Hazardous Properties Of Heavy Metals

(1) Naturalness:

Humans who have lived in the natural environment for a long time have strong adaptability to natural substances. Someone analyzed the distribution of more than 60 common elements in the human body and found that the percentage of most of them in the human blood is very similar to their percentage in the earth’s crust. Humans, however, have much less tolerance for synthetic chemicals. Therefore, distinguishing the natural or artificial properties of pollutants can help to estimate the degree of harm to humans. Heavy metals such as lead, cadmium, mercury, and arsenic are enriched in the surrounding environment of humans due to the development of industrial activities, enter the human body through the atmosphere, water, food, etc., and accumulate in certain organs of the human body, causing chronic poisoning and harm Human health.

(2) Toxicity:

The main factors that determine the toxicity of pollutants are their material properties, content and existing forms. For example, chromium has three forms: divalent, trivalent and hexavalent. Among them, hexavalent chromium is highly toxic, and trivalent chromium is one of the important elements of human metabolism. In natural waters, the toxicity of heavy metals is generally in the range of 1 to 10 mg/L, while the toxicity of mercury and cadmium is in the range of 0.01 to 0.001 mg/L.

(3) Space-time distribution:

After pollutants enter the environment, they are diluted and diffused with the flow of water and air, which may cause a wider range of pollution from point sources to non-point sources.
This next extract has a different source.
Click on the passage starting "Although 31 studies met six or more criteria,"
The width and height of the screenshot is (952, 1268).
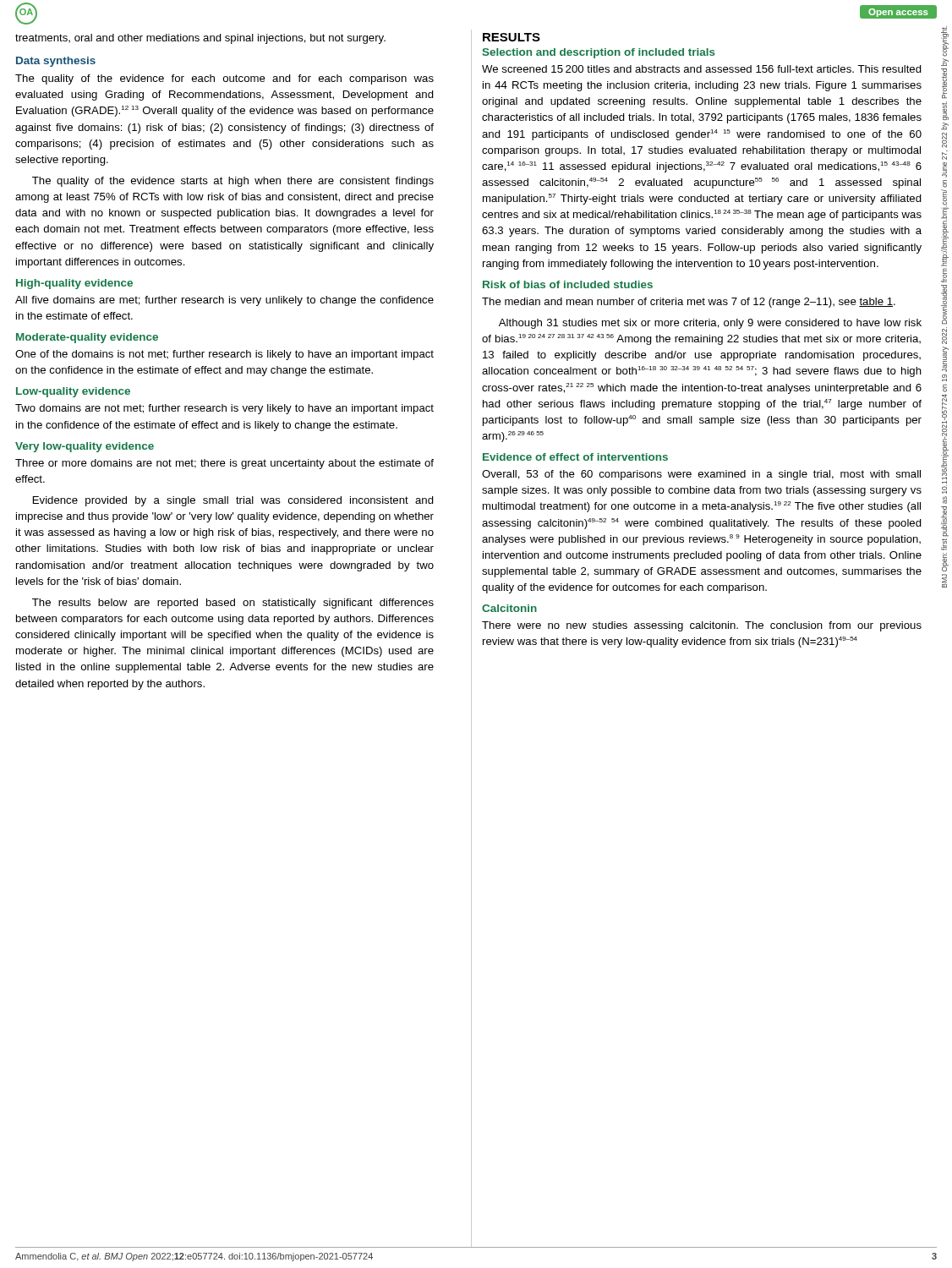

Moreover, at different spatial locations, the concentration and intensity distribution of pollutants change with time. vary.
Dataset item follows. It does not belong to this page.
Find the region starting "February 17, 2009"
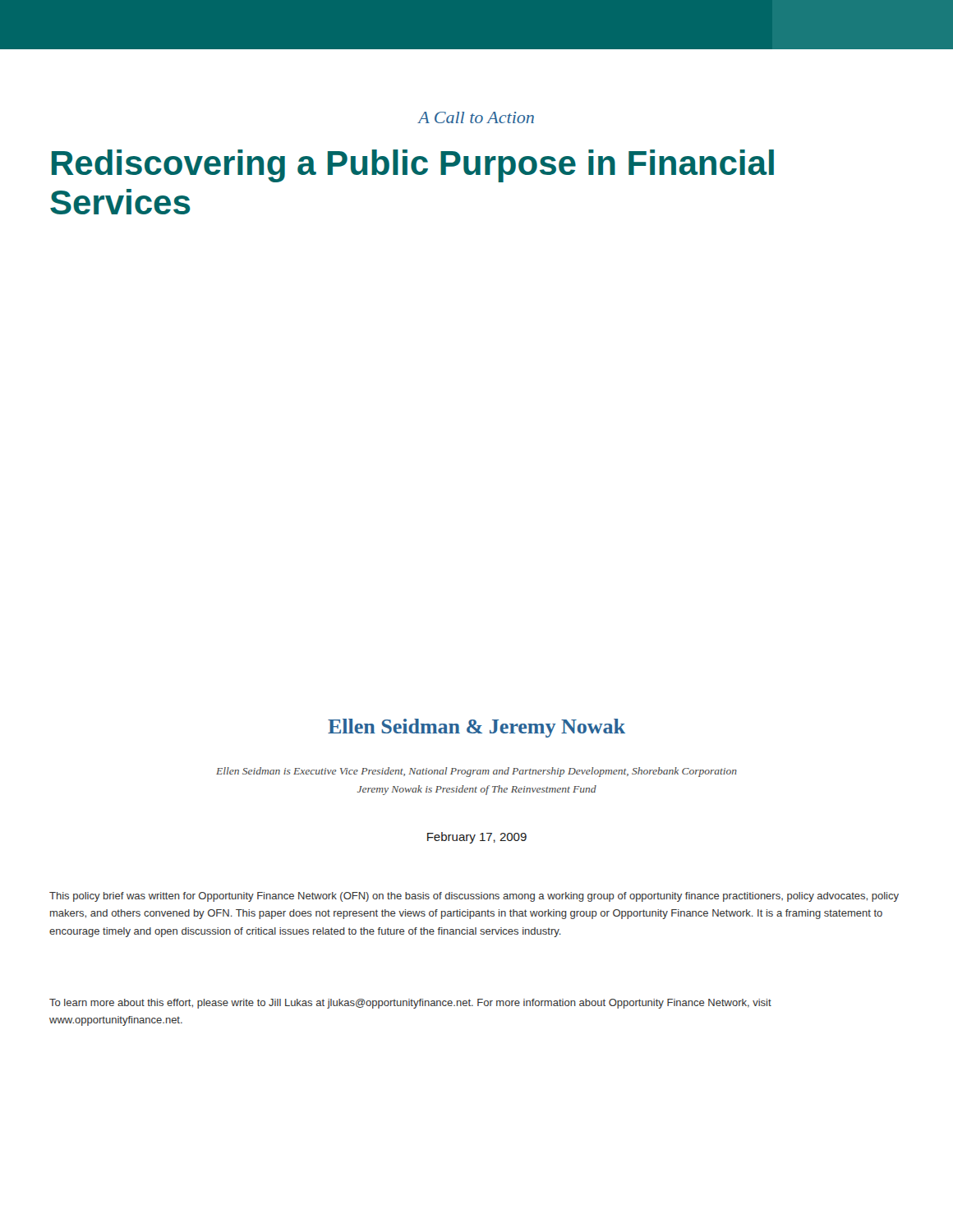 [x=476, y=837]

(4) Activity and persistence:

Activity and persistence indicate how stable a pollutant is in the environment. Pollutants with high activity are prone to chemical reactions in the environment or during the treatment process, and their toxicity is reduced, but they may also generate more toxic pollutants than the original ones, which constitute secondary pollution. For example, mercury can be converted into methylmercury, which is more toxic. Contrary to activity, persistence means that some pollutants can maintain their harmfulness for a long time. For example, heavy metals such as lead and cadmium are toxic and difficult to degrade in nature, and can produce bioaccumulation, threatening human health and survival for a long time.

(5) Biodegradability:

Some pollutants can be absorbed, utilized and decomposed by organisms, and finally generate harmless stable substances. Most organic matter has the possibility of being decomposed by biology, and most heavy metals are not easily decomposed by biology. Therefore, once heavy metal pollution occurs, it will be more difficult to control and more harmful.

(6) Bioaccumulation:

Bioaccumulation includes two aspects: one is the accumulation of pollutants in the environment through the food chain and chemical and physical effects. The second is the accumulation of pollutants in certain organs and tissues of the human body due to long-term intake. For example, cadmium can accumulate in the human body’s liver, kidney and other organs and tissues, causing damage to various organs and tissues. Another example is the Minamata disease incident in Japan from 1953 to 1961. Inorganic mercury was converted into methylmercury in seawater, which was ingested and accumulated by fish and shellfish.

(7) Additivity of the effect on the organism:

A variety of pollutants coexist and interact with organisms. There are two types of additive effects of pollutants on organisms: one is synergistic effect, mixed pollutants make the harm to the environment more serious than the simple addition of pollutants; the other is antagonistic effect, pollutants coexist time to weaken each other’s harm.